Nikolaj Juul-Sandberg

Personal information
- Full name: Nikolaj Juul-Sandberg
- Date of birth: 21 April 2006 (age 20)
- Place of birth: Middelfart, Denmark
- Position: Midfielder

Team information
- Current team: OB
- Number: 43

Youth career
- 0000–2019: Middelfart
- 2019–2025: OB

Senior career*
- Years: Team / Apps / (Gls)
- 2024–: OB / 8 / (1)
- 2025–2026: → Middelfart (loan) / 24 / (1)

International career
- 2021–2020: Denmark U17 / 9 / (0)
- 2022–2023: Denmark U17 / 14 / (0)
- 2023–2024: Denmark U18 / 8 / (0)
- 2024–: Denmark U19 / 12 / (1)

= Nikolaj Juul-Sandberg =

Danish footballer (born 2006)

Nikolaj Juul-Sandberg (born 21 April 2006) is a Danish footballer who plays as a midfielder for Danish Superliga club OB.

==Club career==
===OB===
Juul-Sandberg, who grew up in Middelfart, started his career at Middelfart Boldklub before moving to Odense Boldklub in 2019 as a U14 player. From there, he worked his way up through the club's academy.

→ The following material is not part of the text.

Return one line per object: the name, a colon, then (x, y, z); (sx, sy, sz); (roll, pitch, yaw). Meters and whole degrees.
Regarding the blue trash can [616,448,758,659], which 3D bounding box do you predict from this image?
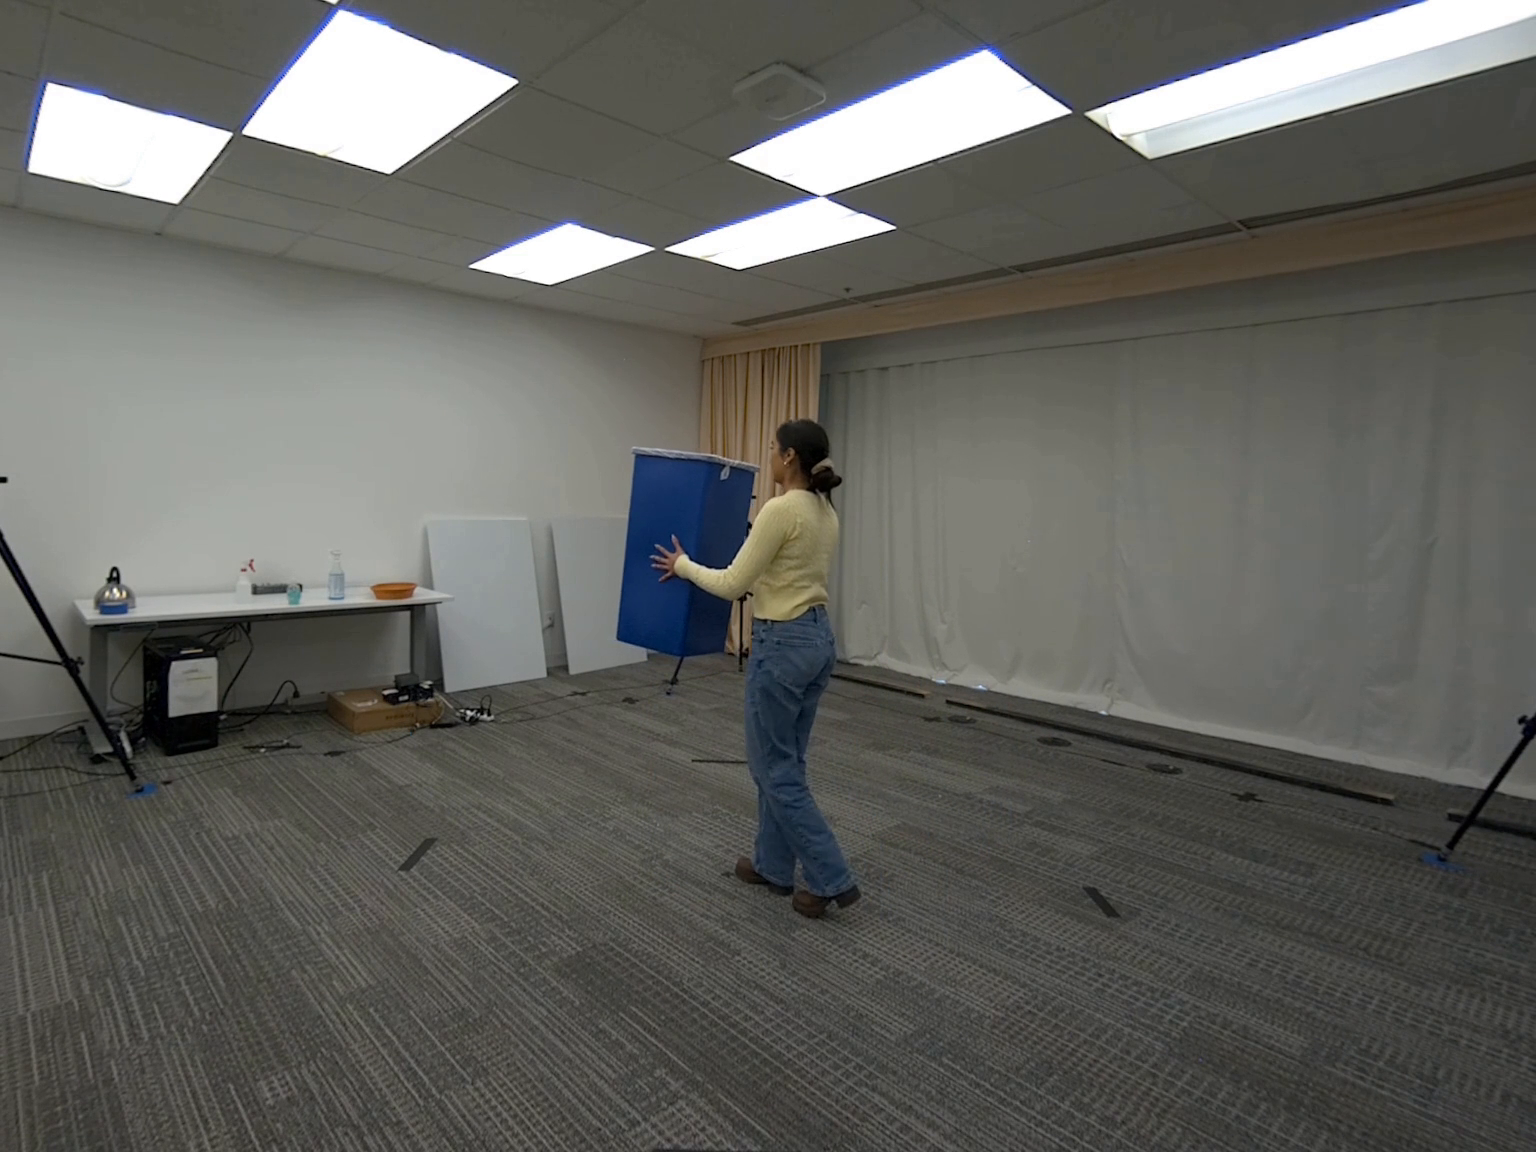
blue trash can: (-0.323, -0.089, 3.133); (0.383, 0.712, 0.370); (10, 3, 29)

Already as a second-year U19 player, 18-year old Juul-Sandberg was promoted to the first-team squad in the summer of 2024. On 6 August 2024, Juul-Sandberg made his official debut for OB in a Danish Cup game against his former club, Middelfart Boldklub.

On 18 October 2024, Juul-Sandberg made his league debut when he entered the pitch with nine minutes remaining in a Danish 1st Division match against FC Roskilde, scoring his debut goal just a few minutes later. He finished the 2024–25 season with a total of eight appearances for OB's first team.

Following OB's promotion to the 2025–26 Danish Superliga, and consequently reduced prospects of regular playing time, OB confirmed on 1 September 2025 that Juul-Sandberg had extended his contract until June 2028, and was simultaneously loaned to his former club, Middelfart Boldklub, which had just been promoted to the 2025–26 Danish 1st Division, for the remainder of the season.